全米1位獲得!2018年も勢い衰えないドレイクの最新作 / 『スケーリー・アワーズ』(EP Review)

 2018年1月19日にサプライズ・リリースされた、ドレイクのEP盤『スケーリー・アワーズ』。EP盤といっても収録されたのはたった2曲で、マキシではなく、いわゆる8cmシングルCD(パッケージ)のような感じか。

 そのメイン(A面的な役割?)タイトルである「ゴッズ・プラン」が、2018年2月3日付の全米HOT100チャートでNo.1デビューを果たし、ストリーミング・サービス=スポティファイとアップル・ミュージックで、1日に再生された回数の新記録を打ち立てた。日本では珍しくないが、全米チャートでの初登場1位は、ビルボード史上29曲目の快挙。

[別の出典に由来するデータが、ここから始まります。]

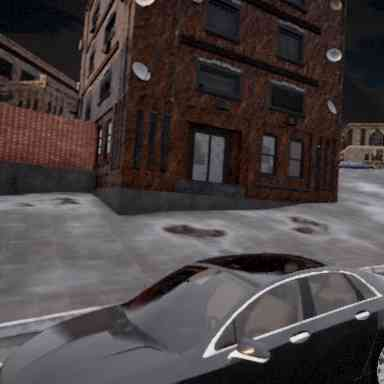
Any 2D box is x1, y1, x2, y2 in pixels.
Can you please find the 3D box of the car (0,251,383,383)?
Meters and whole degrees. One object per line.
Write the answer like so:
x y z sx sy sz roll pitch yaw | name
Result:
0.564 1.531 3.768 4.892 1.490 1.837 1 -1 -31 | car

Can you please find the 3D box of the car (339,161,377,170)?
20.673 -3.103 41.830 4.553 1.767 2.185 3 -3 14 | car
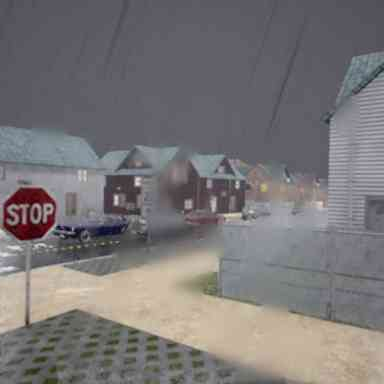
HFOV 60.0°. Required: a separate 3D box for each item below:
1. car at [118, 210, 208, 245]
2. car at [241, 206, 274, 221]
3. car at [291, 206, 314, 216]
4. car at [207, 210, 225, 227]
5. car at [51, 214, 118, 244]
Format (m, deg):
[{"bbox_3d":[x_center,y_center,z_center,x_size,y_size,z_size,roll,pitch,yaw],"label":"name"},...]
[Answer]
[{"bbox_3d":[-1.374,1.876,17.794,1.812,1.442,4.674,2,0,38],"label":"car"},{"bbox_3d":[6.715,2.176,33.506,1.837,1.490,4.892,2,0,36],"label":"car"},{"bbox_3d":[14.869,2.544,44.458,1.994,1.385,4.181,2,0,37],"label":"car"},{"bbox_3d":[0.517,2.040,25.104,1.895,1.301,4.718,2,0,36],"label":"car"},{"bbox_3d":[-4.913,1.840,17.700,1.895,1.301,4.718,2,0,36],"label":"car"}]
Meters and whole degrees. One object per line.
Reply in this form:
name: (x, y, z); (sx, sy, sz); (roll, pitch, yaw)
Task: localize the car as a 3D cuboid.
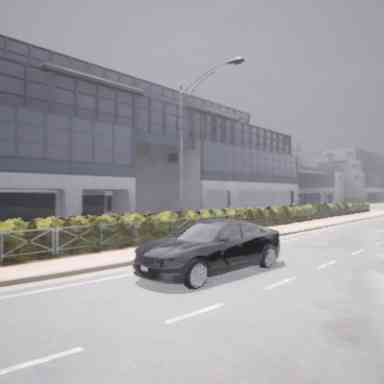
car: (0.656, 1.540, 9.600); (5.008, 1.535, 1.882); (0, 0, -45)

 「ゴッズ・プラン」は、ドレイクを中心に、通算9週のNo.1をマークしたリアーナとのデュエット曲「ワーク」(2016年)や、昨年のヒット曲「コントローラ」等を手掛けたボーイ・ワンダ、ケンドリック・ラマーやトラヴィス・スコットなどの仕事で人気急上昇中のカードー、そしてドレイクの作品には欠かせない存在となった、同郷トロントの音楽プロデューサー=ノア“40”シェビブが、楽曲を制作・プロデュース。40は、同曲の歌詞の中にも登場する。

 近年流行しているトラップでもなく、ハードコアでもなく、自身最大のヒット曲「ワン・ダンス feat.ウィズキッド&カイラ」(2016年)や「パッションフルーツ」(2017年)のようなトロピカル・チューンでもない。これまでの作品だと、デビュー曲「ベスト・アイ・エバー・ハッド」(2009年)や「ホットライン・ブリング」(2015年)のような、ラップと歌を絡ませたドレイクらしいナンバーで、面白味はないが聴きやすく、ヒップホップをクロスオーバーして、幅広い層に受け入れられそうな曲ではある。グルーヴの軽いサウンドとは対照的に、“神の計画”と題した歌詞は、自身のサクセス・ストーリーから「誰かが自分を潰そうとしている」などのネガティブな要素、宗教的内容も含み、重い。 

 また、2曲目(カップリング的な?)の「ディプロマティック・イミュニティ」も、同日のチャートで初登場7位にデビューし、通算22曲目の全米TOP10入りを果たした。この記録更新で、ラッパーとしてはジェイ・Zの21曲を抜いて歴代最多となり、全アーティストの中でも13位タイに並んだ。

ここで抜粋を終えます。